Currently, the only two places to buy biodiesel in the valley are Clem’s Country Store in Odell, which sells a 20 percent blend (B20) for around $3.10 a gallon, and Valley Ag Service, Inc., in Parkdale, which sells a 99 percent blend (B99) in either 55- or 275-gallon containers for around $3 a gallon.
The primary local connection to biodiesel stems from Camille Hukari, a valley orchardist whose diesel-run farm equipment used to produce exhaust that would make her violently ill.
“It made me sicker than hell,” she said. “Within 30 minutes, I’d be throwing up.” The problem would be so bad that Hukari would generally have to stop working halfway through the day.
That was the case, anyway, until her husband, Jerry Tausend, started fueling the tractors with biodiesel.

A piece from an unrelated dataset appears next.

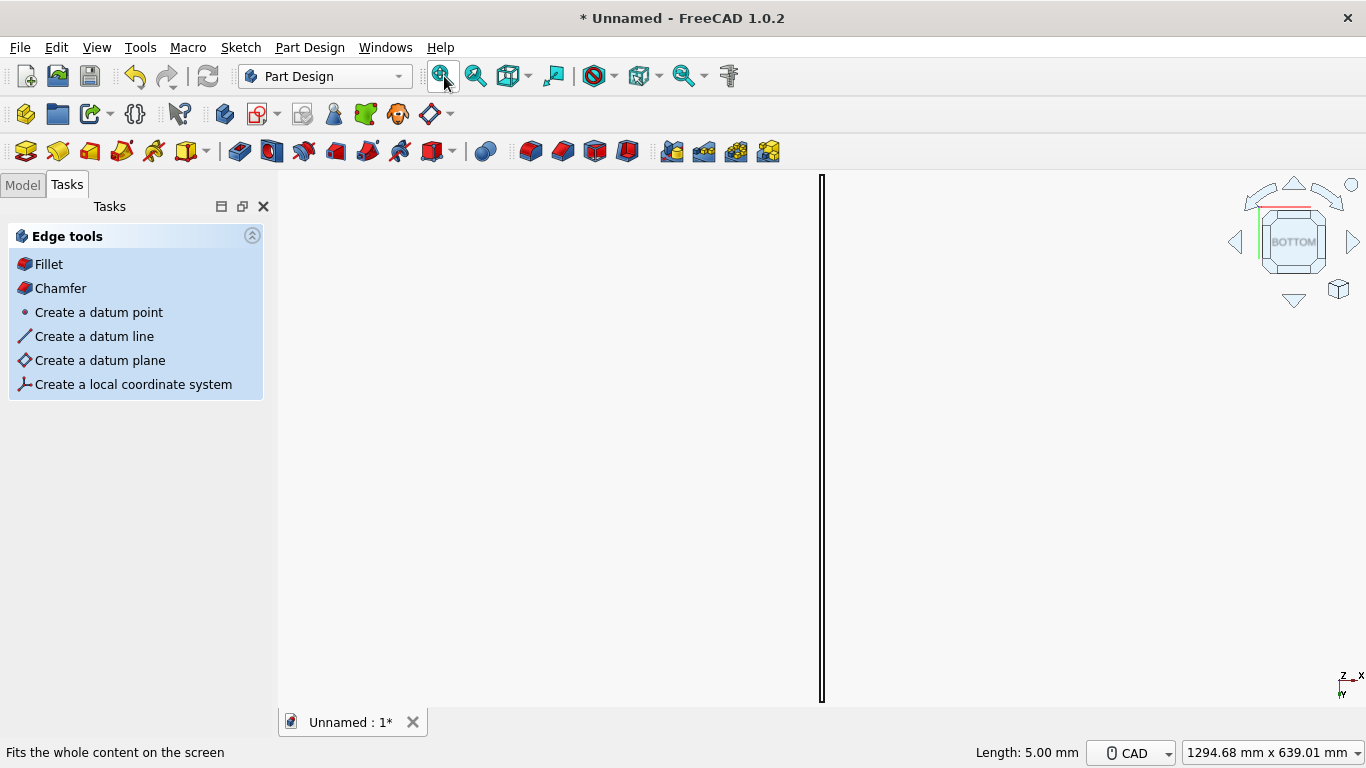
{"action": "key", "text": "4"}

“I sent out a survey last summer to growers in the valley, and asked them if they would be willing to pay more for biodiesel,” Tausend said. “The majority of those who responded said that they would, so I contacted SeQuential Biofuels and Valley Ag.”
Before Tausend sent out the survey, he had been commuting to Portland for biodiesel in 55-gallon drums. Now, after contacting SeQuential and Valley Ag, he can buy it in 275-gallon totes.
Interest in biodiesel has risen so much in the valley that Tyson Keever, managing partner for SeQuential Biofuels in Eugene, came to the Pine Grove Grange Hall and gave a presentation about biodiesel to more than 20 diesel-driving locals on June 16.
“Switching to biodiesel really is the simple choice,” Keever said, explaining that biodiesel is compatible with any diesel engine with very little — if any — modification. But drivers do need to keep in mind what SeQuential calls the “three C’s of pure biodiesel.”
The first C is the cleaning effect that biodiesel will have on the car’s engine. “After the first few tanks, you may need to replace your fuel filter,” Keever said.
If the vehicle has been run on petrodiesel, sediments will accumulate and stick to the fuel tank, forming layers of sludge. When biodiesel gets run through the fuel lines, however, these deposits will dissolve and can cause your fuel filter to clog. “This won’t be a problem after the first few tanks,” Keever said.
The second C — and perhaps the most important of the three — is compatibility with rubber. Biodiesel corrodes natural rubber parts, such as hoses and seals, in the fuel delivery system. Generally, natural rubber parts only appear in vehicles manufactured before 1993. After that, car manufacturers began using synthetic or metal parts almost exclusively. “You won’t need to change your fuel lines immediately,” said Keever, “but if you have an older car, you will need to change them eventually.”
The third and final C stands for cold flow. Like any diesel fuel, biodiesel will gel at low temperatures; however, the gel point for biodiesel is higher than petrodiesel. When the temperature drops below 50 degrees, it is recommended that you mix your biodiesel in equal parts with petrodiesel. “A good rule to remember is, ‘If it drops below 50, blend B50,’” Keever said.
The small hassle of these three considerations, though, is offset drastically by the environmental benefits of biodiesel. “Last year, Oregon drivers cut 27,000 tons of carbon dioxide emissions by using biodiesel,” Keever said. “That’s the equivalent of taking 3,638 cars off the roads.”
The advent of biodiesel technology comes at a time when the future of the world’s oil supply is in jeopardy. “In 1970, we hit the halfway point of all the possible oil reserves in the world,” Keever said. “We probably will never run out of oil; but we will run out of affordable oil. We will need alternate fuel.”
At the pump, though, the cost of biodiesel is more than that of petrodiesel, and this causes some would-be biodiesel users to stick to petroleum. At Clem’s Market in Odell, currently the only local service station to sell the product, biodiesel is up to 10 cents more expensive than its petroleum counterpart purchased elsewhere.
Awareness and availability, along with cost, are large factors keeping biodiesel from use by the general population. “The biggest one is awareness. People just don’t know that it’s out there,” said Keever. “It’s also hard to find someone who’s willing to sacrifice an existing product.”
In addition to the environmental benefits, there is one perk that Hukari says is priceless. “When it’s 90 degrees outside and I’m in the middle of my crew on the tractor, french fries smell a lot better than diesel,” she said. “There’s a comfort level, too, and you can’t put a price on that.”
The B99 can be mixed with petrodiesel directly in the tank to make whatever mixture is preferred, but because the biodiesel is heavier it is recommended that the petrodiesel be put in the tank first so the two will mix better.
“Biodiesel is a great alternative,” said Tausend, “and it’s just the right thing to do.”